Wow! Serials are really trending. The most popular example is “Serial” – a podcast that is delivered as a serial (shocking I know) – it’s a fabulous model for learning. People who are captivated by the story and the approach are creating their own “study” groups to discuss and analyze the new findings. It provides a great example of learning that is pushed out to an audience, but additional learning is pulled from the accompanying web resources (and the study groups). It’s fascinating. It’s compelling storytelling so it might be successful because it’s done well. Good pacing, moody background music, great interviewing. Plus, everyone loves a mystery.
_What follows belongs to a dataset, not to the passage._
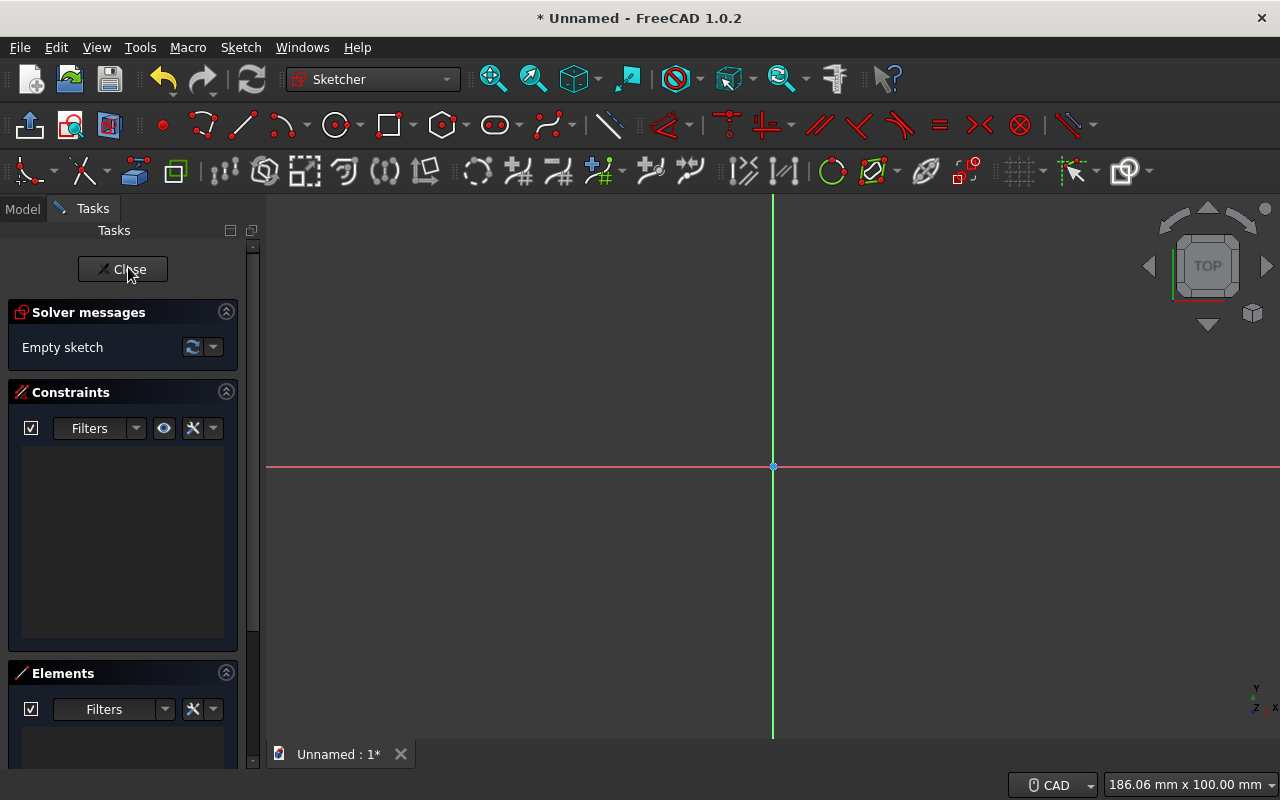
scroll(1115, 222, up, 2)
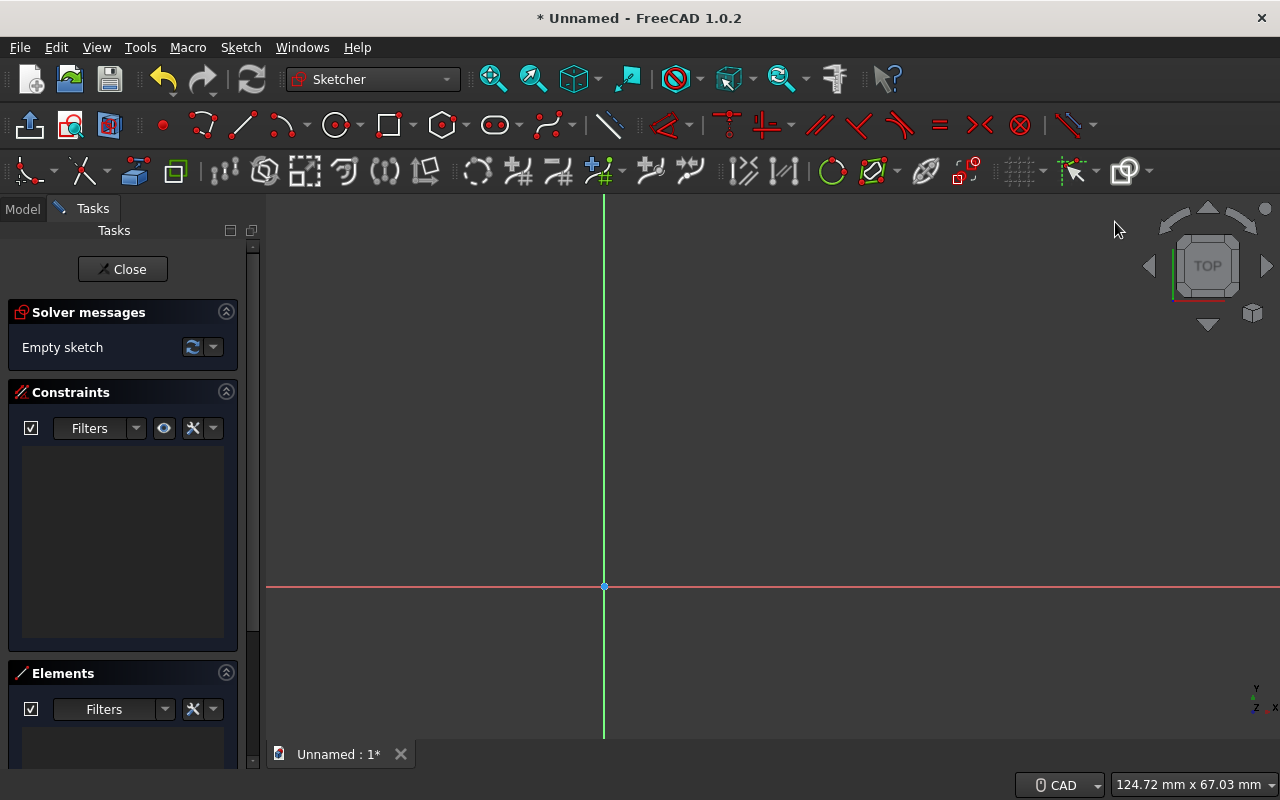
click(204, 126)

Over the past few months, I’ve also seen some courses or modules being delivered by via email on some kind of schedule (serial) sometimes called:

  • Drip Campaigns – more a marketing slant and training is one
  • Educational Drip Campaigns – this shows how this type of learning can be a great Minimum Viable Product – MVP, which is a great insight and could even be a way for learning professionals to get a course out the door quickly. You could even build it as you go, adapting each week based on feedback or analytics.
  • Subscription Learning – Dr. Will Thalheimer has a whole blog with examples
  • Learning Campaigns – I noticed that all the big e-learning companies in the UK seem to offer this as part of their services now -not sure if these are courses broken into smaller pieces and delivered piecemeal (serialized), but struck me as interesting.
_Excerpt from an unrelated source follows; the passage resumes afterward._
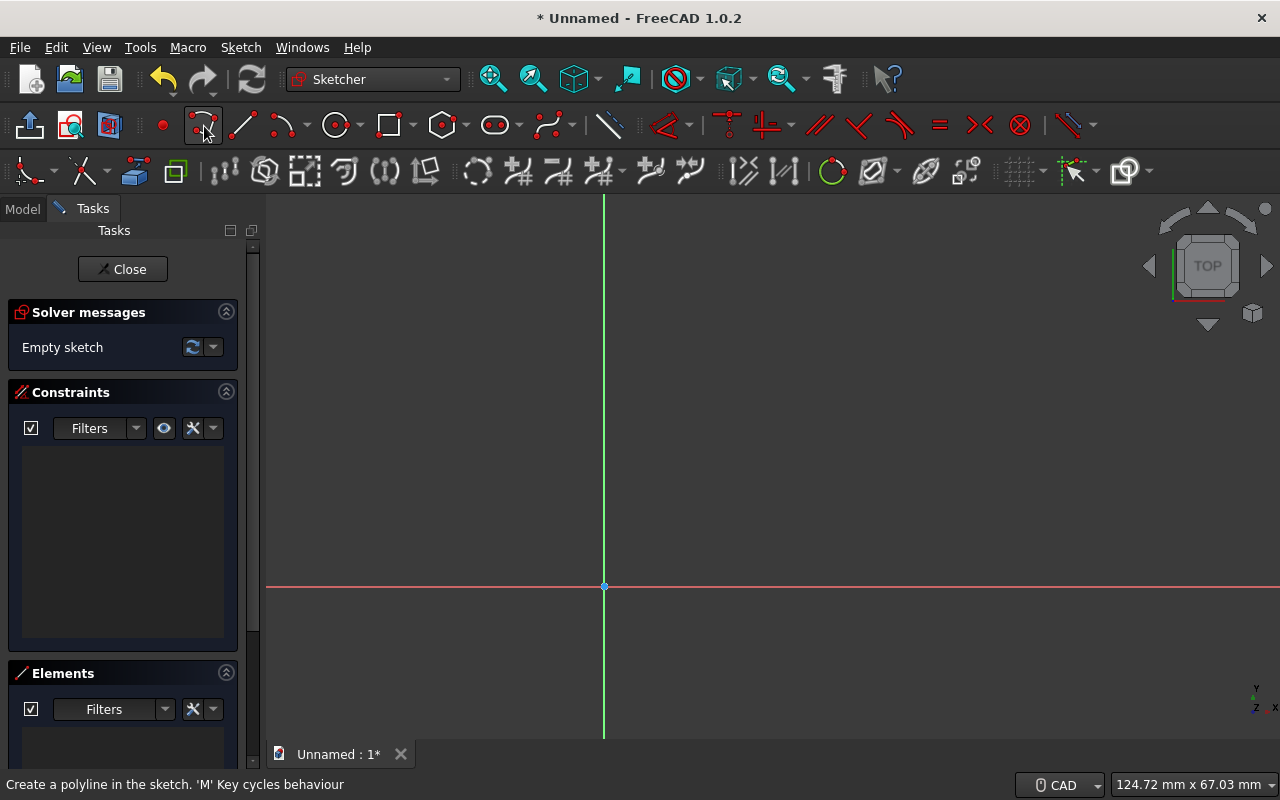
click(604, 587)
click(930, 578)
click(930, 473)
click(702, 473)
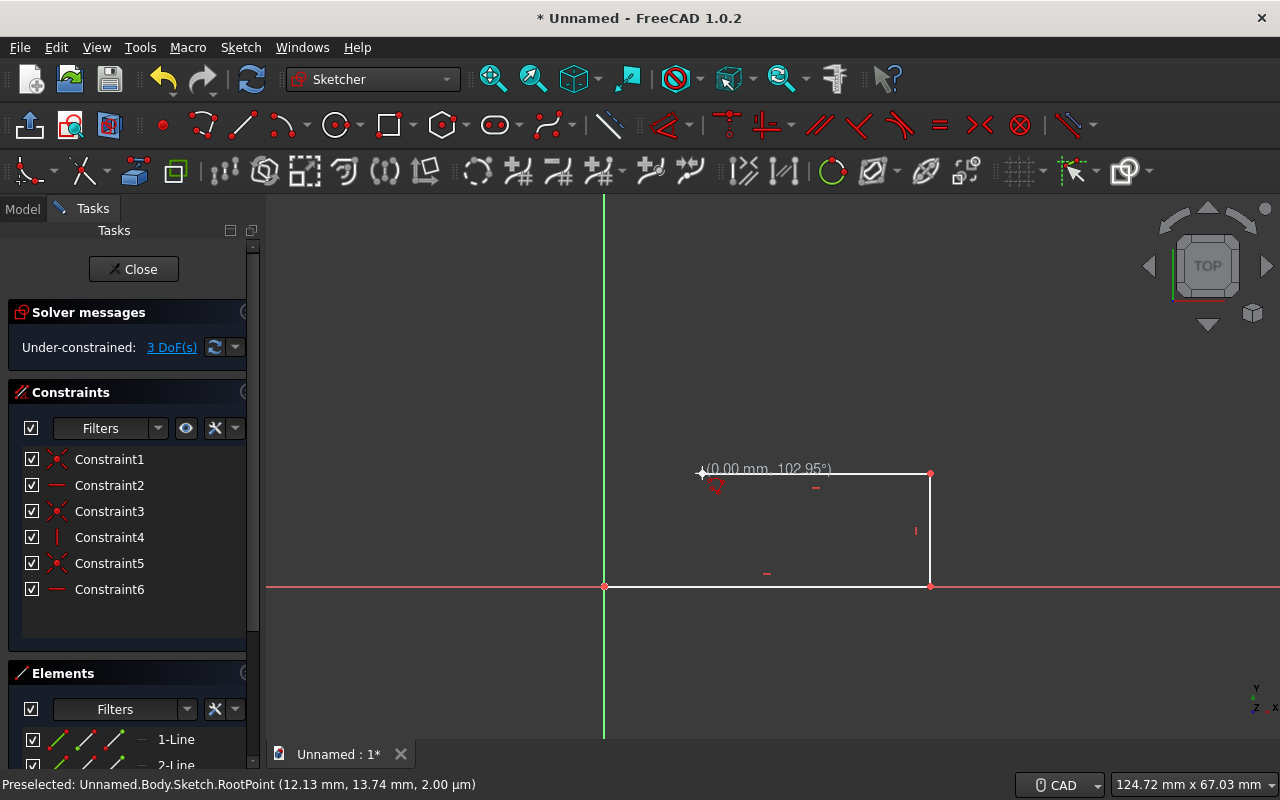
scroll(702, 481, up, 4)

Email newsletters have been around forever, but these take the notion further, it’s not just a grab bag of interesting content, but content with instructional goals, delivered with intent to teach something. There’s something anticipatory about waiting for your installment. The examples I’ve referred to below are not stories, but that would be a very interesting approach.

Here’s a couple of examples:

this explains everythingThis Explains Everything (how could you NOT sign up for this?) – this is a course that features a range of experts and provides you insights on product psychology. It’s more of a curated list, but each week in your inbox a new module is sent about social psychology, brain science or design thinking.

“Creative instructional design lessons” can be delivered to your inbox from Ever Learning. The topics include “Use Learner Personas to design learning experiences” and “Digital technology is like a bicycle for the mind”. The lessons aren’t long, and it’s the kind of email that you like to open because you are going to learn something.

If you want to create your own – you might want to check out: How to create a self-paced email course. The part I like about this explanation is it establishes a way to set autoresponders to send the next lesson when the current one is marked as finished, so you can automate it, but also match the pace of the person taking the course. Which may not make it serialized, but still a subscription.